Abstract

The ‘trial’ by media and lawyers in the 2010 dispute between Kristy Fraser-Kirk, leading retailer David Jones and former CEO Mark McInnes ended in an out of court settlement. The case was significant in many ways. The complainant took the unusual step of pleading her claim under the Trade Practices Act 1974 (Cth), Fair Trading Act 1987 (NSW) and the common law of contract, in addition to the sexual harassment provisions of the Sex Discrimination Act 1984 (Cth). Fraser-Kirk and her lawyers also actively engaged with the media, prompting David Jones to respond in kind. In this paper, we contrast how this particular trial by media and lawyers compares to the typical processes and outcomes for those whose complaints are not spotlighted in newspapers or the news. We critique the use of publicity in that dispute, showing that the plaintiff’s $37m claim grabbed media attention and fostered an out of court settlement that is inconsistent with traditional damages for workplace injury and awards regarding sexual discrimination.
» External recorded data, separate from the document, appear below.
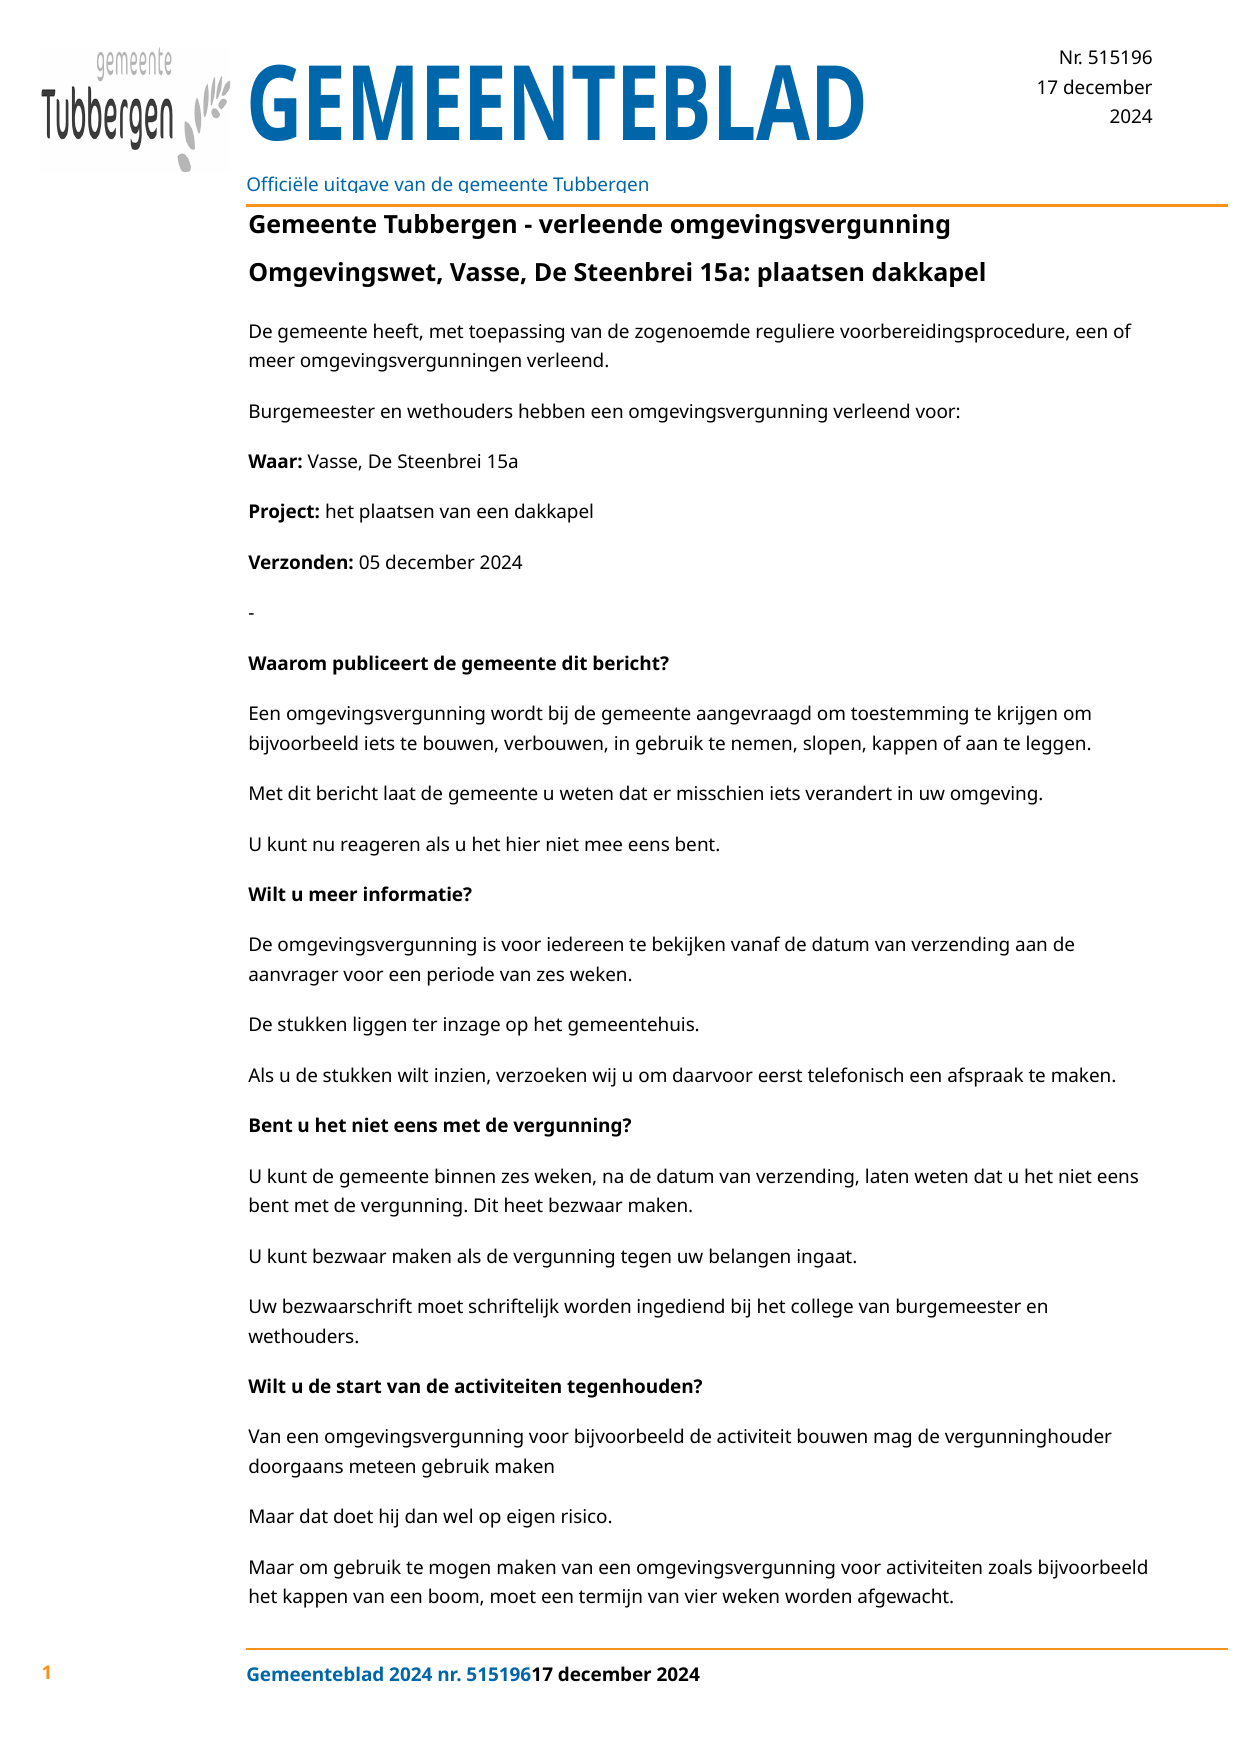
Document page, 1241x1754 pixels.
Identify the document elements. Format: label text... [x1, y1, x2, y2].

text U kunt de gemeente binnen zes weken, na de datum van verzending, laten weten dat u het niet eens bent met de vergunning. Dit heet bezwaar maken. [248, 1163, 1152, 1218]
text Waar: Vasse, De Steenbrei 15a [248, 448, 1152, 474]
text Uw bezwaarschrift moet schriftelijk worden ingediend bij het college van burgemeester en wethouders. [248, 1293, 1152, 1349]
text Gemeente Tubbergen - verleende omgevingsvergunning Omgevingswet, Vasse, De Steenbrei 15a: plaatsen dakkapel [248, 207, 1152, 288]
text Wilt u meer informatie? [248, 881, 1152, 907]
text Maar om gebruik te mogen maken van een omgevingsvergunning voor activiteiten zoals bijvoorbeeld het kappen van een boom, moet een termijn van vier weken worden afgewacht. [248, 1554, 1152, 1609]
text Een omgevingsvergunning wordt bij de gemeente aangevraagd om toestemming te krijgen om bijvoorbeeld iets te bouwen, verbouwen, in gebruik te nemen, slopen, kappen of aan te leggen. [248, 700, 1152, 756]
text Van een omgevingsvergunning voor bijvoorbeeld de activiteit bouwen mag de vergunninghouder doorgaans meteen gebruik maken [248, 1424, 1152, 1479]
text U kunt nu reageren als u het hier niet mee eens bent. [248, 831, 1152, 857]
text Project: het plaatsen van een dakkapel [248, 499, 1152, 524]
text Waarom publiceert de gemeente dit bericht? [248, 650, 1152, 676]
text Maar dat doet hij dan wel op eigen risico. [248, 1504, 1152, 1529]
text Verzonden: 05 december 2024 [248, 549, 1152, 575]
text - [248, 599, 1152, 625]
text Met dit bericht laat de gemeente u weten dat er misschien iets verandert in uw omgeving. [248, 780, 1152, 806]
text De omgevingsvergunning is voor iedereen te bekijken vanaf de datum van verzending aan de aanvrager voor een periode van zes weken. [248, 932, 1152, 987]
text Burgemeester en wethouders hebben een omgevingsvergunning verleend voor: [248, 398, 1152, 424]
text U kunt bezwaar maken als de vergunning tegen uw belangen ingaat. [248, 1243, 1152, 1269]
text Wilt u de start van de activiteiten tegenhouden? [248, 1373, 1152, 1399]
text Bent u het niet eens met de vergunning? [248, 1112, 1152, 1138]
picture [41, 47, 231, 172]
text Als u de stukken wilt inzien, verzoeken wij u om daarvoor eerst telefonisch een afspraak te maken. [248, 1062, 1152, 1088]
text De gemeente heeft, met toepassing van de zogenoemde reguliere voorbereidingsprocedure, een of meer omgevingsvergunningen verleend. [248, 318, 1152, 373]
text De stukken liggen ter inzage op het gemeentehuis. [248, 1012, 1152, 1037]

We find too that the size of the claim seemed to be highlighted more by the media than Fraser-Kirk’s resemblance to the ideal complainant identified in previous research (young, subordinate position, fresh complaint). Although it is a case worthy of analysis as exemplifying a trend in adversarial dispute resolution, we conclude that these tactics may not be useful or work for everyone.